Revan meletakkan stick PS nya ke atas karpet bulu tebal di mana ia duduk, lalu mengelus pipi sang adik dengan lembut. "Mau apa?" tanya pemuda itu yang langsung membuat Larisa tersenyum.

Revan sudah sangat hapal bagaimana tabiat sang adik, dan bagaimana gadis itu merengek ketika menginginkan sesuatu.

"Risa mau ke pesta ulang tahun temen, boleh ya?" ujar Larisa sambil mengeratkan pelukannya.

"Sini." Revan menepuk-nepuk pahanya meminta Larisa berbaring disana.

Gadis itu dengan senang hati menidurkan kepalanya di paha Revan lalu memeluk pinggang sang kakak. Revan meluruskan kaki, agar Larisa lebih mudah memeluknya. "Boleh ya?" tanya gadis itu sekali lagi.

"Boleh, tapi gue yang anter-jemput," jawab Revan sambil mengelus rambut Larisa lembut.

"Gue bareng temen-temen, bang."

Revan menghela napas, sebenarnya ia tidak mau mengekang sang adik, namun penyakit gadis itu membuatnya was-was. Apalagi orang tua mereka lebih sering menghabiskan waktu di luar kota dibanding di rumah, jadilah Revan yang bertanggung jawab atas Larisa.

"Pulang jam berapa?" tanya Revan.

"Gak tau."

"Pulang sebelum jam sepuluh, jangan minum alkohol atau sembarang nerima makanan dan minuman dari orang lain, sebelum berangkat minum obat dulu, jangan pake pakaian yang terbuka, ja—"

"Bacot," sela Larisa terkekeh sambil bangkit kemudian berlari keluar.

Namun baru beberapa detik gadis itu menghilang dari balik pintu, ia sudah kembali lagi dengan cengiran khas.

"Makasih, sayang Aa Revan." Larisa tersenyum lalu mencium pipi Revan dengan cepat lalu kembali berlari keluar.

Revan tersenyum sambil menggelengkan kepala heran, keceriaan dan kelakuan absurd adiknya adalah sumber kebahagiaan Revan maupun orang tua nya. Di dalam keluarga mereka, Larisa ibarat matahari yang menjadi pusat tata surya. Tidak ada yang lebih berarti dibanding keberadaan gadis itu di sisi mereka.

Sementara itu, Tania dan kawan-kawan sedang berkumpul di sebuah cafe. Gadis itu sedari tadi bersungut-sungut hingga membuat kedua sahabatnya jengah. "Tan, lo kenapa sih? sumpah ya, gue kesel liat lu dari tadi ngumpat gak jelas."

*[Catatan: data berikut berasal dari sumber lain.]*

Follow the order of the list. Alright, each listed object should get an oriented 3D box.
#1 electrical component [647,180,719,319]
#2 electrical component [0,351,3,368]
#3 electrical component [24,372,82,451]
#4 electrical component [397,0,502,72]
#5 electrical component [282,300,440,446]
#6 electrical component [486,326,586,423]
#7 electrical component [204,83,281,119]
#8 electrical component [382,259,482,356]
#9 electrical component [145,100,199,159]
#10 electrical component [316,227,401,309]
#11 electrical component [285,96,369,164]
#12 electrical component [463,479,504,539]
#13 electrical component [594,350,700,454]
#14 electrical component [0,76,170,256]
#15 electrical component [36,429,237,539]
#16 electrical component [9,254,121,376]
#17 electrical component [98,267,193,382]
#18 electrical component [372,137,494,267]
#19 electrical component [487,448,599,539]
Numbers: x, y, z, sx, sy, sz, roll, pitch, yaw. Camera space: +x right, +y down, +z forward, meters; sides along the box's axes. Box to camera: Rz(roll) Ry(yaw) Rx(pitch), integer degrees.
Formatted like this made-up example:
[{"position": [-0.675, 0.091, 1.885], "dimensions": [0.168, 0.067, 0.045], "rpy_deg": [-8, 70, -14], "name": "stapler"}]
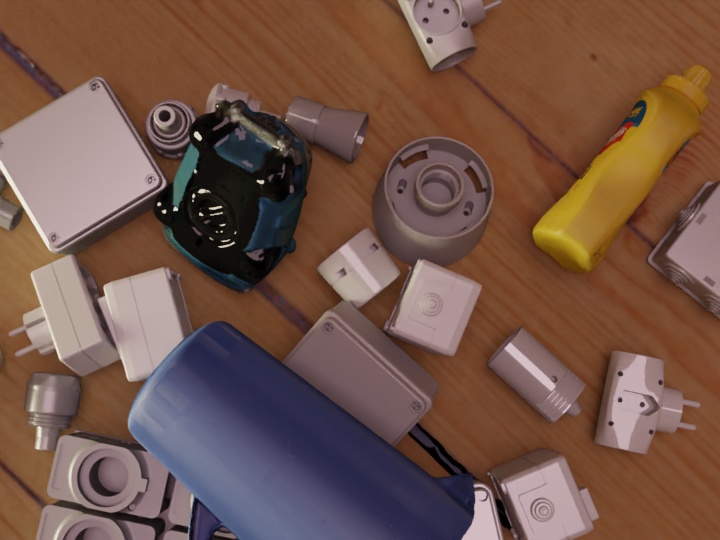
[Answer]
[{"position": [0.302, -0.017, 0.884], "dimensions": [0.100, 0.048, 0.099], "rpy_deg": [39, 86, 3], "name": "electrical component"}, {"position": [-0.337, 0.091, 0.863], "dimensions": [0.054, 0.059, 0.095], "rpy_deg": [36, 86, 3], "name": "electrical component"}, {"position": [-0.250, 0.114, 0.870], "dimensions": [0.043, 0.043, 0.062], "rpy_deg": [6, 84, 0], "name": "electrical component"}, {"position": [0.079, -0.218, 0.902], "dimensions": [0.079, 0.044, 0.077], "rpy_deg": [-25, 85, -2], "name": "electrical component"}, {"position": [-0.012, 0.100, 0.852], "dimensions": [0.109, 0.056, 0.108], "rpy_deg": [42, 108, 3], "name": "electrical component"}, {"position": [0.147, 0.089, 0.876], "dimensions": [0.081, 0.043, 0.043], "rpy_deg": [43, 86, 3], "name": "electrical component"}, {"position": [-0.097, -0.127, 0.894], "dimensions": [0.062, 0.048, 0.048], "rpy_deg": [12, 85, -6], "name": "electrical component"}, {"position": [0.060, 0.032, 0.854], "dimensions": [0.061, 0.096, 0.061], "rpy_deg": [23, 85, -1], "name": "electrical component"}, {"position": [-0.155, -0.119, 0.882], "dimensions": [0.048, 0.062, 0.048], "rpy_deg": [0, 85, -1], "name": "electrical component"}, {"position": [0.000, 0.000, 0.878], "dimensions": [0.055, 0.055, 0.047], "rpy_deg": [-39, 90, -4], "name": "electrical component"}, {"position": [-0.030, -0.120, 0.895], "dimensions": [0.065, 0.044, 0.044], "rpy_deg": [19, 85, 6], "name": "electrical component"}, {"position": [0.056, 0.216, 0.857], "dimensions": [0.113, 0.057, 0.078], "rpy_deg": [-13, 85, -2], "name": "electrical component"}, {"position": [0.237, 0.111, 0.875], "dimensions": [0.079, 0.043, 0.077], "rpy_deg": [12, 85, 0], "name": "electrical component"}, {"position": [-0.227, -0.083, 0.882], "dimensions": [0.109, 0.056, 0.108], "rpy_deg": [-32, 86, -3], "name": "electrical component"}, {"position": [-0.154, 0.199, 0.855], "dimensions": [0.186, 0.060, 0.105], "rpy_deg": [12, 85, 1], "name": "electrical component"}, {"position": [-0.245, 0.044, 0.863], "dimensions": [0.076, 0.047, 0.083], "rpy_deg": [-25, 67, -3], "name": "electrical component"}, {"position": [-0.168, 0.052, 0.867], "dimensions": [0.061, 0.061, 0.096], "rpy_deg": [-16, 85, -2], "name": "electrical component"}, {"position": [0.061, -0.058, 0.890], "dimensions": [0.099, 0.064, 0.099], "rpy_deg": [2, 72, -5], "name": "electrical component"}, {"position": [0.144, 0.179, 0.841], "dimensions": [0.061, 0.096, 0.061], "rpy_deg": [-22, 86, -3], "name": "electrical component"}]

"Gue lagi kesel anjir. Udah dua hari gue gak ketemu Revan, dan dia sama sekali gak jenguk gue padahal tau kalo gue sakit." Tania cemberut. Kaki gadis itu sudah sembuh total karena rutin di urut selama dua hari ini, namun selama itu juga ia tidak bertemu Revan. Jangankan bertemu, menerima panggilan darinya saja Revan tidak mau.

"Gak usah berharap deh, Tan. Mau lo sakit keras dan absen berminggu-minggu juga kayaknya Revan gak bakal peduli," sarkas Sasha. Tania mendelik, kemudian mengumpat tertahan. Teman-temannya ini memang tak pernah mendukung usahanya untuk mendekati Revan.

"Lo berdua makin ngeselin sumpah, pengen gue lelepin rasanya ke empang," ujar Tania yang membuat kedua temannya itu justru tertawa.

"Kayaknya masa taruhan kita udah berakhir deh, Tan," ujar Indri mengingatkan.

"Sial, masih inget aja lo," ujar Tania.

"Belum berakhir kok, masih tersisa besok," ujar Sasha lalu menyeruput jus mangga di hadapannya. Tania mendelik, mau besok ataupun lusa sepertinya ia memang akan kalah taruhan.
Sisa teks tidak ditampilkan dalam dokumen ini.